Where does our, or their empathy come from?


----------



## pnome (Nov 1, 2010)

Thanatos said:


> Where does our, or their empathy come from?



Our survival instinct.  

The ability to empathize imparts a survival advantage to any species wishing to survive in a group.

Which group of people has a better chance at survival?

Group 1)  A bunch of people who are loners who go off and just take care of themselves.

Group 2)  A bunch of people who work together as a team.


----------



## Thanatos (Nov 1, 2010)

pnome said:


> Our survival instinct.
> 
> The ability to empathize imparts a survival advantage to any species wishing to survive in a group.
> 
> ...



I think a fair analogy would be

Group 1) A bunch of people who work together as a team and only expend resources on their team

Group 2) A bunch of people who work together as a team and expend their resources on other groups who are struggling to bring them up. 

Is that fair?


----------



## pnome (Nov 1, 2010)

Thanatos said:


> I think a fair analogy would be
> 
> Group 1) A bunch of people who work together as a team and only expend resources on their team
> 
> ...



Group 2 is just a bigger team.


----------



## Thanatos (Nov 1, 2010)

pnome said:


> Group 2 is just a bigger team.



So now you have a bigger team with less resources???

Do you believe in bio evolution?


----------



## pnome (Nov 1, 2010)

Thanatos said:


> So now you have a bigger team with less resources???




No one specified fixed resources.  It would seem to me that with more team members you could produce more resources.  



> Do you believe in bio evolution?



Give me your definition of bio evolution.


----------



## Thanatos (Nov 1, 2010)

pnome said:


> No one specified fixed resources.  It would seem to me that with more team members you could produce more resources.



O boy, you and I can go on forever with this game. 



pnome said:


> Give me your definition of bio evolution.



I asked this before, but I will ask it again. Where does your opinion of beauty come from?


----------



## pnome (Nov 1, 2010)

Thanatos said:


> O boy, you and I can go on forever with this game.



It's a fun game.  But I'll tell ya what.  Just try to come up with something that you think is morally good that doesn't benefit the survival of someone.



> I asked this before, but I will ask it again. Where does your opinion of beauty come from?



See post #28


----------



## Thanatos (Nov 1, 2010)

pnome said:


> See post #28



My apologies. What about when you and I look at a strutting turkey that is fixing to let out on of those gobbles that shakes the ground. Where does that feeling of beauty come from?


----------



## pnome (Nov 1, 2010)

Thanatos said:


> My apologies. What about when you and I look at a strutting turkey that is fixing to let out on of those gobbles that shakes the ground. Where does that feeling of beauty come from?



Beauty can apply to many things.  Not all of them living.  But, in general, it is an appraisal of fitness or health compared to a conceptual ideal.


----------



## Thanatos (Nov 1, 2010)

pnome said:


> Beauty can apply to many things.  Not all of them living.  But, in general, it is an appraisal of fitness or health compared to a conceptual ideal.

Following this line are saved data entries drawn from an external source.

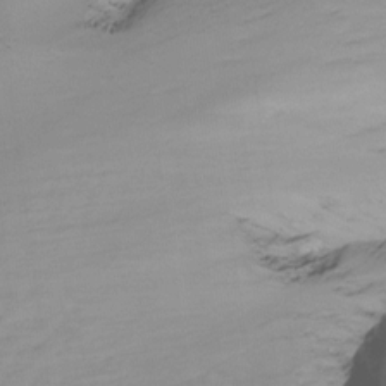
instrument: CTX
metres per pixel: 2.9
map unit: Htu
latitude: -15.5210
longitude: -46.3468
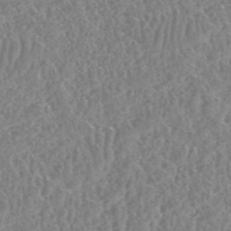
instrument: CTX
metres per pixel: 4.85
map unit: HNhu
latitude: -48.5007
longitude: 29.9745
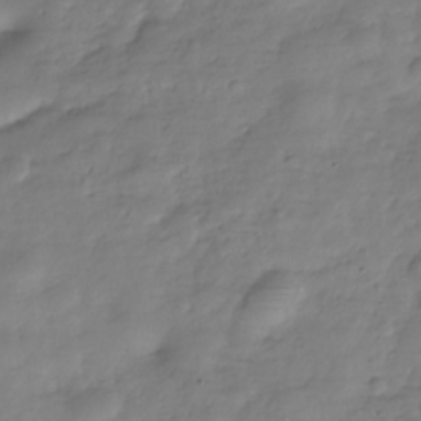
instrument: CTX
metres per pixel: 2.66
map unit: Hve
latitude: -31.0864
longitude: 90.7275
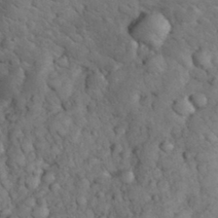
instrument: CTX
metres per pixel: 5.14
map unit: eHh
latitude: 33.1781
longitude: -65.9906
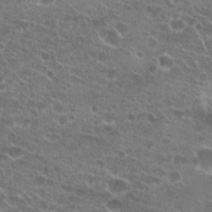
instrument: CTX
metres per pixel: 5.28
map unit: Hto
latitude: 21.9717
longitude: -41.5182
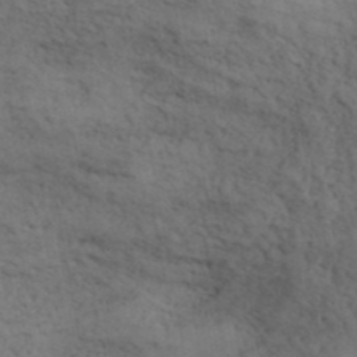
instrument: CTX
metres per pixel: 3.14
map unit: ANa
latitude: 41.6694
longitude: 51.4454
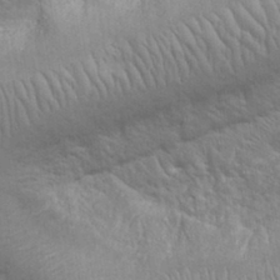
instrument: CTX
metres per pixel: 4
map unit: eHh
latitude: 32.7246
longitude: -64.0255

Let me take the woman's beauty a step further. We do not have to see whither they are thick or skinny. We can look into ones eyes and their face to see beauty. How can i tell how healthy someone is if I only see their face? Ask people on match.com how often they get burned with the face shot...lol 

I agree beauty is all around us. If we were to go to Germany or Austria I bet both would agree that the country side is breathtaking. Why do we both think that is beautiful?


----------



## pnome (Nov 1, 2010)

Thanatos said:


> Ask people on match.com how often they get burned with the face shot...lol



So, they saw a healthy and symmetrical face and were attracted.  But when they saw the unhealthy body, they were repulsed.  I think that proves my point nicely.



> I agree beauty is all around us. If we were to go to Germany or Austria I bet both would agree that the country side is breathtaking. Why do we both think that is beautiful?

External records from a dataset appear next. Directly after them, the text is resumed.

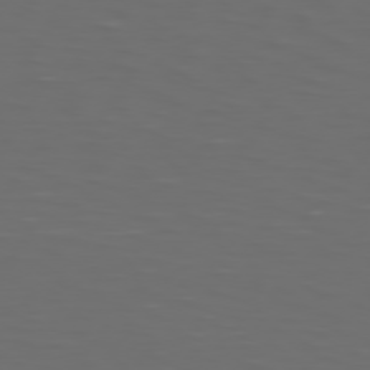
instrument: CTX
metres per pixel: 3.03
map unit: Hpe
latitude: 74.5546
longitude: -125.8016
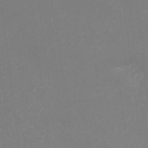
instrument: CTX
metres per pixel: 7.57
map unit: ANa
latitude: 41.9339
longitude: 28.1984
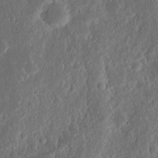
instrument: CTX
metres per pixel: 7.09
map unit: Nhu
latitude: 14.1200
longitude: -73.8584
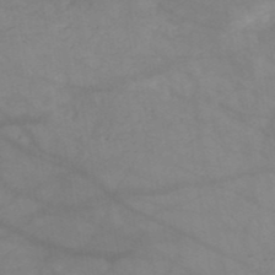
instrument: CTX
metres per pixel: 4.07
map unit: HNb
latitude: -50.5763
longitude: -39.8772
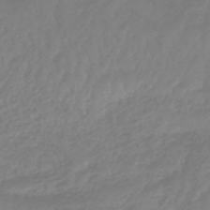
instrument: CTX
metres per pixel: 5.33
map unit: eHb
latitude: -45.6722
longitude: 83.0675
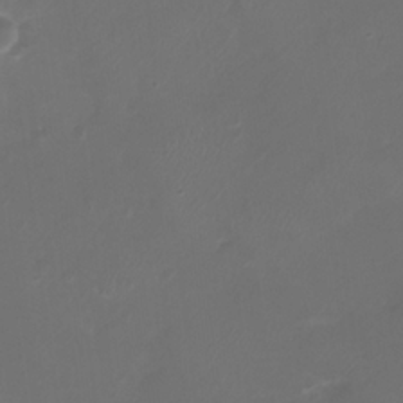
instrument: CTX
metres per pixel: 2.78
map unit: Ht
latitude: -2.7463
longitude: -19.5182
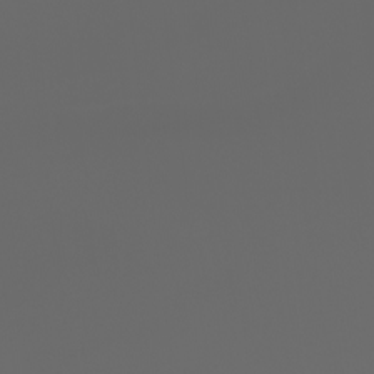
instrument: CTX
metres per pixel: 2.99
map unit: Htu
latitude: -4.8408
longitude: -88.5924
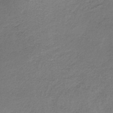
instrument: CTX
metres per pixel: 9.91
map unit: lHb
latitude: -34.8597
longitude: 61.7289
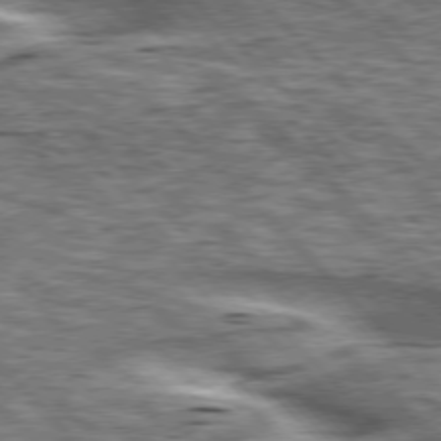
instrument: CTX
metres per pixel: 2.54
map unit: lApd
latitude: 76.3278
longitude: -58.3656
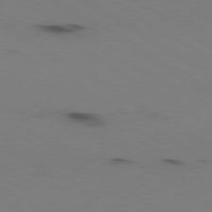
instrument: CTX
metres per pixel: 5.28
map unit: Ap
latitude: -80.4251
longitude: -61.9717
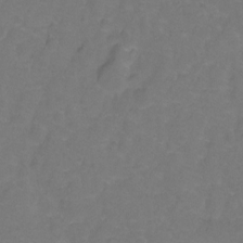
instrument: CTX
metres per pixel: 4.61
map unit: Hto
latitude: -2.0283
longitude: -34.0822
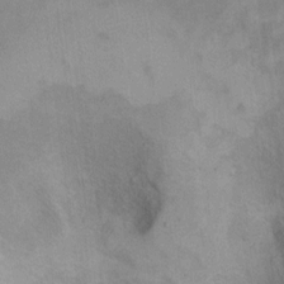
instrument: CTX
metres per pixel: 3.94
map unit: Ht
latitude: 5.4426
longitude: -36.7624
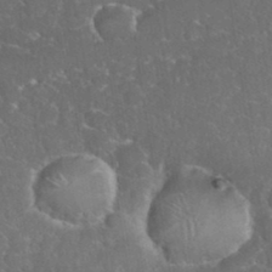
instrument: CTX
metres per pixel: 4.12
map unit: eHh
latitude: 36.8002
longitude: -61.2915
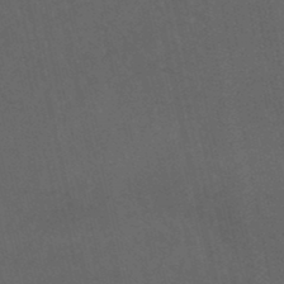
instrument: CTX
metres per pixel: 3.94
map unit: lHb
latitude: -47.4454
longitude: 70.6896
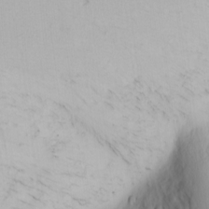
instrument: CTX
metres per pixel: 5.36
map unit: Nhu
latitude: 0.1577
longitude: -79.7072
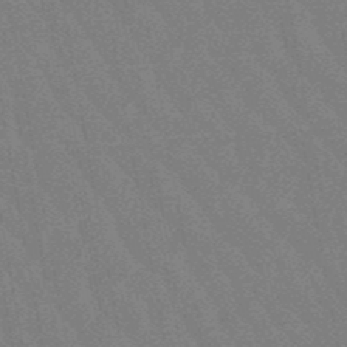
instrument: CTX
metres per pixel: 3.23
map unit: lHb
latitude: -48.9353
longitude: 82.5951
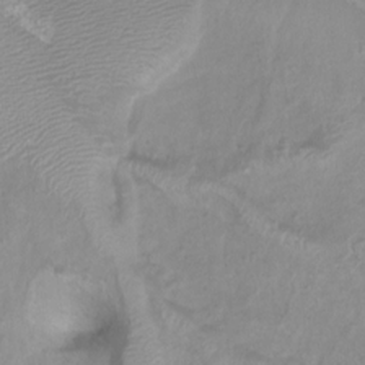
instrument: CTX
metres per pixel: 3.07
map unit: Htu
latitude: 3.4048
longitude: -21.6127
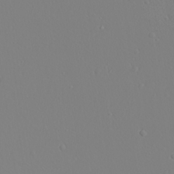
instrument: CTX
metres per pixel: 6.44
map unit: lAvf
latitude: 27.7261
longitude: -107.6883
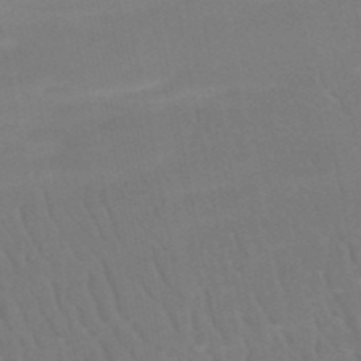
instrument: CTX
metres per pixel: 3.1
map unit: HNb
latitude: -51.7855
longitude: -49.9150
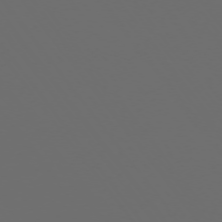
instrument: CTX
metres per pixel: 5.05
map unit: Ap
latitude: -74.5007
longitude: -75.6883
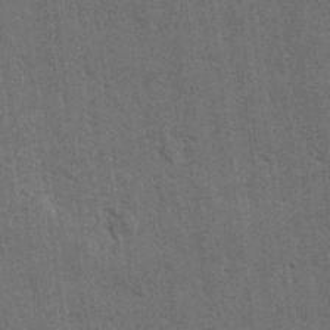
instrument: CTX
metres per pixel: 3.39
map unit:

Because we are both human.


----------



## ted_BSR (Nov 1, 2010)

Pnome- you agreed that morality is objective. There is an "absolute truth".

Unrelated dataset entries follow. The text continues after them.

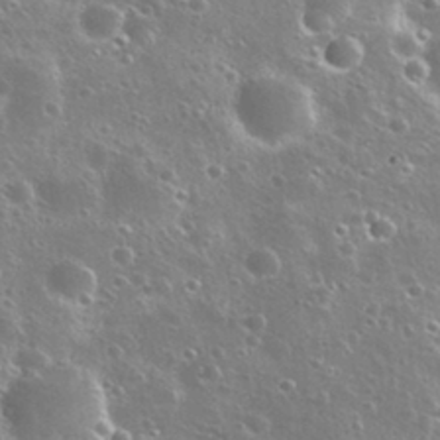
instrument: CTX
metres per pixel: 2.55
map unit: Nhu
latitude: 30.8569
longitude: -56.0822
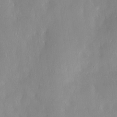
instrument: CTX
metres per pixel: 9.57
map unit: HNhu
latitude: 0.7813
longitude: -4.2522
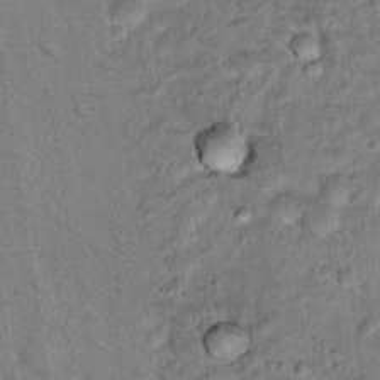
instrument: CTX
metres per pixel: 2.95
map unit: Hto
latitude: 16.2900
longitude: -35.8961
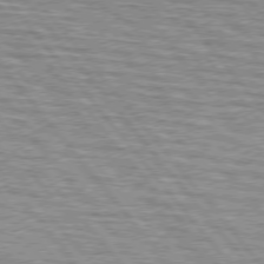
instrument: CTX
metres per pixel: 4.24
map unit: lApd
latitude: 75.3293
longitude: -76.5545
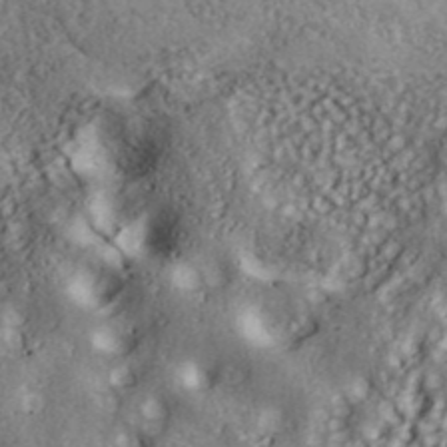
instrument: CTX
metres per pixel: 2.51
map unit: ANa
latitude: 40.9702
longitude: 52.0661
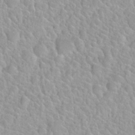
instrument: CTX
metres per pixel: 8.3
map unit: Nhu
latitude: 27.9717
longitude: -52.6869
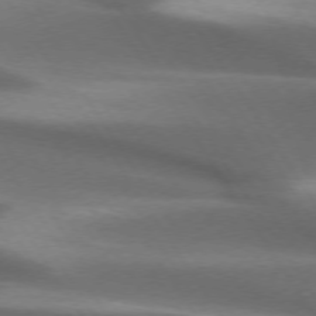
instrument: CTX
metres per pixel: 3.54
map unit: lApd
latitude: 73.4994
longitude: -52.5546
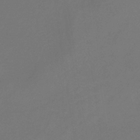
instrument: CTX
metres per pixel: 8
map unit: HNb
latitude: -35.8422
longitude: 55.2754
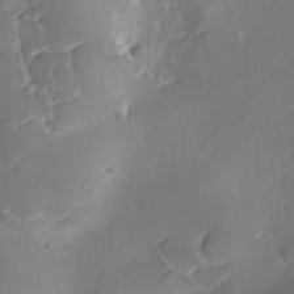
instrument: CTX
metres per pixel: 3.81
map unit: Ave
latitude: -9.7666
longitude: -122.2900
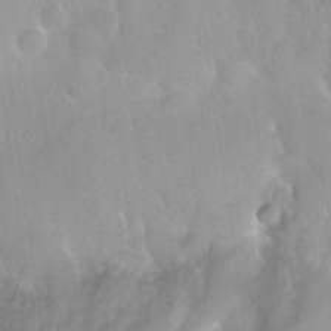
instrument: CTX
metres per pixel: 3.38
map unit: Nhu
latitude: 26.2145
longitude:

So, if the lion adopted the cubs he has not sired and allowed them to mature, and waited for the lioness to fulfill her motherhood to them, and then sired his own cubs, would this not serve the absolute morality completely?

Killing them to propogate his own genes contradicts your definition of morality=survival.

Morality is not meant to convientantly serve our own ends.  *Without implying anyone's beliefs*, abortion comes to mind as an antithesis of survival=morality in the human realm.


----------



## ted_BSR (Nov 1, 2010)

Achilles Return said:


> Really? I didn't realize the human race had given Thanatos of the GON forums the unique power to define what morals were. What makes your opinion any more valid than his?



That is just silly.


----------



## ted_BSR (Nov 1, 2010)

pnome said:


> What I'm telling you is, that your concept of what is right and what is wrong is based on what you think will be either beneficial or detrimental to survival.  Either for yourself, or someone you empathize with.



It is presumptious for you to tell me what my concept of right and wrong is based upon.

Morality tells me that I will be mocked and persecuted for my beliefs, yet I persist. This is hardly in the interest of survival.


----------



## pnome (Nov 1, 2010)

ted_BSR said:


> It is presumptious for you to tell me what my concept of right and wrong is based upon.
> 
> Morality tells me that I will be mocked and persecuted for my beliefs, yet I persist. This is hardly in the interest of survival.



Sorry to have caused any offense.  I'm not mocking you.


----------



## ted_BSR (Nov 1, 2010)

pnome said:


> Sorry to have caused any offense.  I'm not mocking you.



None taken, I would not expect you to do that, I have always known you to be civil.


----------



## ted_BSR (Nov 1, 2010)

ted_BSR said:


> It is presumptious for you to tell me what my concept of right and wrong is based upon.
> 
> Morality tells me that I will be mocked and persecuted for my beliefs, yet I persist. This is hardly in the interest of survival.[/QUOTE]
> 
> So what of this Pnome? My morality is not in the interest of survival!!!


----------



## pnome (Nov 1, 2010)

ted_BSR said:


> So, if the lion adopted the cubs he has not sired and allowed them to mature, and waited for the lioness to fulfill her motherhood to them, and then sired his own cubs, would this not serve the absolute morality completely?



Yes.  At least it sounds like it to me.  We never really know, because we always lack complete information.

But how often do you think we humans do the absolutely morally right thing?  I would think the bears are at least doing as well as we are at that.  If not better.



> Killing them to propogate his own genes contradicts your definition of morality=survival.



They have been surviving that way for some time.  



> Morality is not meant to convientantly serve our own ends.



Correct.  Which is why I titled this thread "Moral behavior is survival behavior _above the individual level_. 



> *Without implying anyone's beliefs*, abortion comes to mind as an antithesis of survival=morality in the human realm.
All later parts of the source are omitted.